A panel put together by Roli Books with Barkha Dutt, Faye D’Souza and Abhinandan Sekhri. It's a perceptive conversation on why the TV model is broken and the pitfalls in the current ecosystem. The panel has a lot of insight too: For instance, why will a brand that pulls its advertising from Breitbart or a Tucker Carlson show happily advertise on news programmes that peddle fake news and bigotry?

Catch up

New York Times redesigns and renames its morning newsletter

The erstwhile Morning Briefing is now The Morning and it has a subscriber base of more than 17 million subscribers! Learn more from the team who designed it.

If anything, Covid-19 has further strengthened the efficacy of newsletters in bringing readers and creating habit. Do you work in a newsroom which has recently started a newsletter? Hit me up on Twitter if you would like to share any insight.

The Hindu is India’s fastest growing English daily, fourth time in a row

This despite the fact that unlike other dailies like the Times of India, the Hindu has gradually increased its price — and not subsidised it — to capture a wider market for advertisers.

The Ken launched corporate subscription for its South East Asia edition

The Wire turned 5

Platforms

Microsoft is expanding its adoption of NewsGuard

LinkedIn editorial is now LinkedIn news

Facebook will pay $52 million in settlement with moderators who developed PTSD on the job

Apple’s plan for audio articles in its News Plus app

Resource and hacks

How the New York Times Live is adapting its events plans

Events is one of the major revenue streams for news publishers.

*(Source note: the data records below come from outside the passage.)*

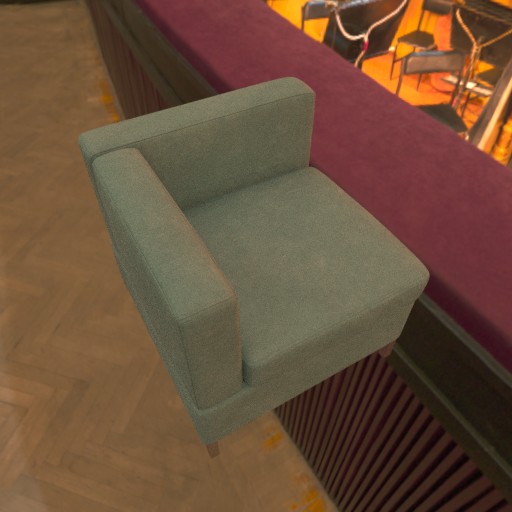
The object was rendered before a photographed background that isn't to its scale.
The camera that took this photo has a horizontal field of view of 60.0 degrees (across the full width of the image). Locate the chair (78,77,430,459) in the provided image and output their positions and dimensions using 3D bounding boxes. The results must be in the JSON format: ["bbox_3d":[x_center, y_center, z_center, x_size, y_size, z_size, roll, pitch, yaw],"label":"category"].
[{"bbox_3d":[0.000,0.000,1.244,0.680,0.660,0.680,-23,51,-20],"label":"chair"}]
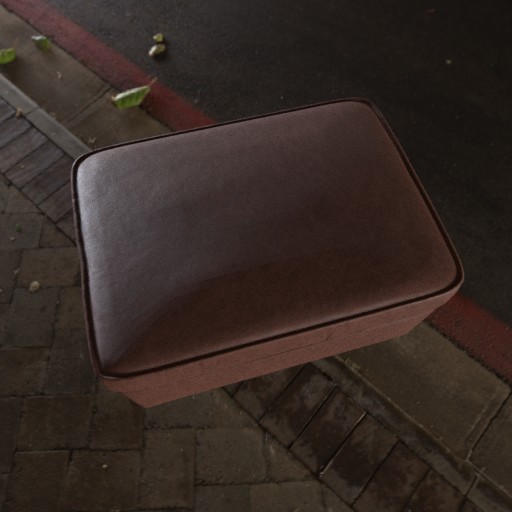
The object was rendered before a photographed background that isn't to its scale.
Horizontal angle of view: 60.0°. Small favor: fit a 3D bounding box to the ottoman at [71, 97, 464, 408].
[{"bbox_3d":[0.000,0.000,1.093,0.749,0.449,0.548,-14,64,-7],"label":"ottoman"}]
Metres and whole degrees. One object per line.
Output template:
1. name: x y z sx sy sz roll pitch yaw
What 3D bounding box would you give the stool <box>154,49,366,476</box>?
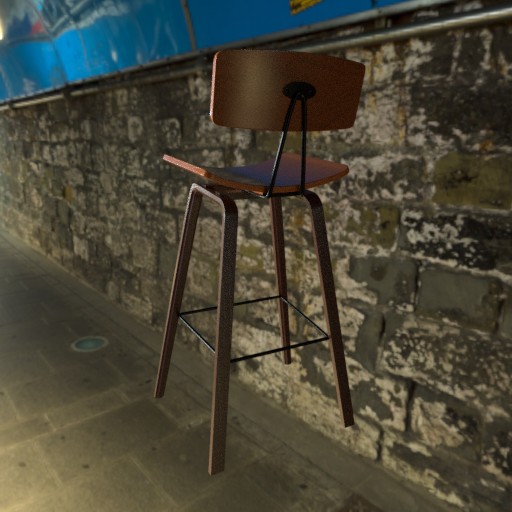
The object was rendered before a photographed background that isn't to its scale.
1. stool: 0.000 0.000 1.224 0.509 0.969 0.440 -7 16 -26
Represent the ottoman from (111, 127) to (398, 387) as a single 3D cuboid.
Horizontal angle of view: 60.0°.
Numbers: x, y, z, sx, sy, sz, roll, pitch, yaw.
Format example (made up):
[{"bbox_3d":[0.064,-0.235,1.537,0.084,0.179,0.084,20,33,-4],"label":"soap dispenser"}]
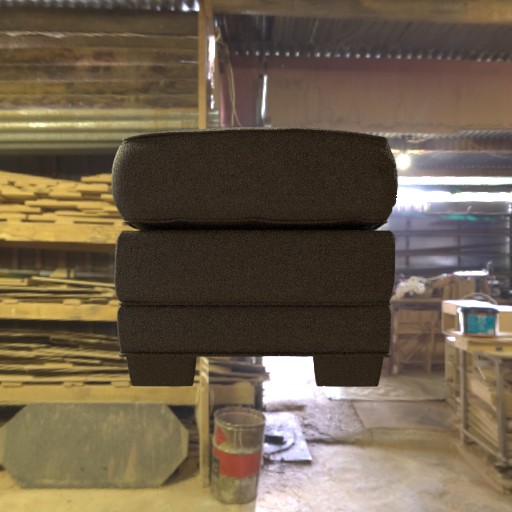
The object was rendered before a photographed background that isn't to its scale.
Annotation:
[{"bbox_3d":[0.000,0.000,1.147,0.490,0.448,0.864,0,0,0],"label":"ottoman"}]
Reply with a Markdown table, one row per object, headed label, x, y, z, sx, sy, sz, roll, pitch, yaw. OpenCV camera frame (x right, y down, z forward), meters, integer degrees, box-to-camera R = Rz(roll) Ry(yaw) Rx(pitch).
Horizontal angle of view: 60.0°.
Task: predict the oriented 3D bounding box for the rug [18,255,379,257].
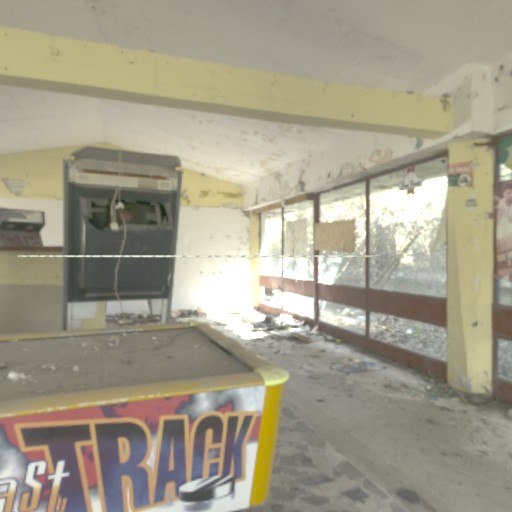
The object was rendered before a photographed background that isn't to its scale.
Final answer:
| label | x | y | z | sx | sy | sz | roll | pitch | yaw |
| --- | --- | --- | --- | --- | --- | --- | --- | --- | --- |
| rug | 0.000 | 0.000 | 2.963 | 1.526 | 0.008 | 2.441 | 0 | 0 | 17 |

Depending on the organisation’s burn rate, the money it brings often underwrites operations across quarters. With most event plans for 2020 scrapped, will online events make it up?

How do NPR correspondents report from home?

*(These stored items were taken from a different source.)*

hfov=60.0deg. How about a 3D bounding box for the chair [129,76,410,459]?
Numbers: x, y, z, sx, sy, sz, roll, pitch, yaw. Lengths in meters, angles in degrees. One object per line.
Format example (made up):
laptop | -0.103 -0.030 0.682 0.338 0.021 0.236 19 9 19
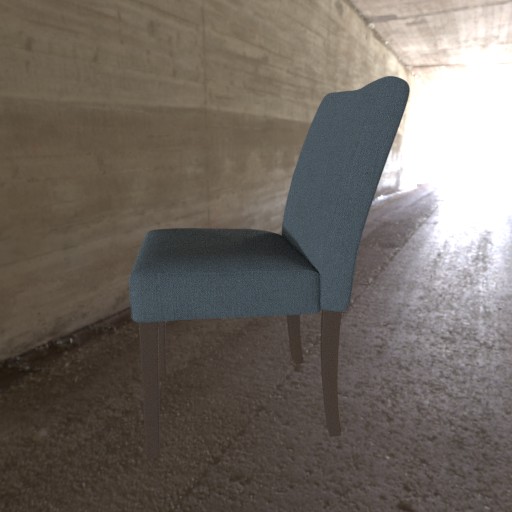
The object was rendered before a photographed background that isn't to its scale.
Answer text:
chair | 0.000 0.000 1.211 0.629 0.882 0.487 -2 15 -9
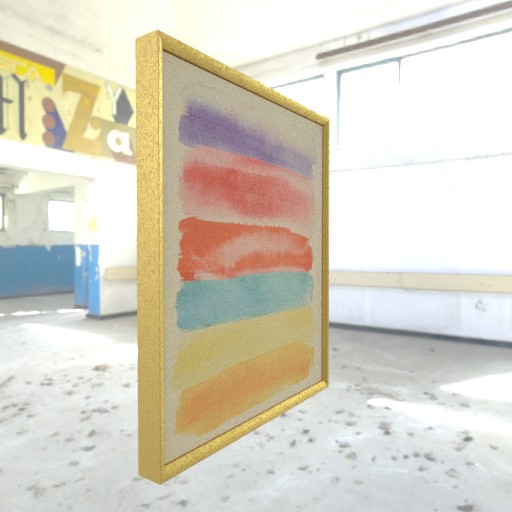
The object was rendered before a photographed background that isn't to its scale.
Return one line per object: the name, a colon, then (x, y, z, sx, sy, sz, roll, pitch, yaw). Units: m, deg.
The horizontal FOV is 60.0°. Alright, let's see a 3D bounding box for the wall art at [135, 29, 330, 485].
wall art: (0.000, 0.000, 0.855, 0.048, 0.642, 0.537, 1, 2, 36)
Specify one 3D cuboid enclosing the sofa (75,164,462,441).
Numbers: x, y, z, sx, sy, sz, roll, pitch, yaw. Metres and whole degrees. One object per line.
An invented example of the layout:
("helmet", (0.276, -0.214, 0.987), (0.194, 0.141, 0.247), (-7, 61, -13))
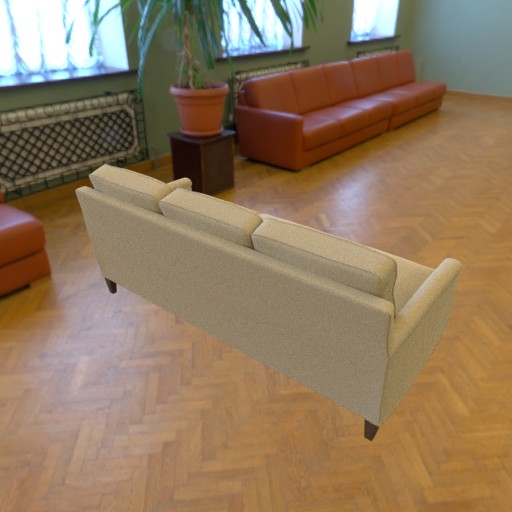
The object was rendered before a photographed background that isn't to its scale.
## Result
("sofa", (0.000, 0.000, 2.832), (2.246, 1.003, 1.084), (21, 36, 32))

Part of this: a goldmine for how-tos

Bonus

All episodes of The Office are now playing out over Slack!

I pronounce Slack officially cool again.

***

This was the second edition of Stop Press, an effort that is primarily an exercise to learn more about the hows and why of the news ecosystem. For suggestions and feedback, do write to chitranshu@newslaundry.com.

Most media commentary and analysis is usually on editorial subjects, or cold numbers tracking the media industry. Product and the economics of the ecosystem are mostly missed out on. Stop Press aims to bridge that gap.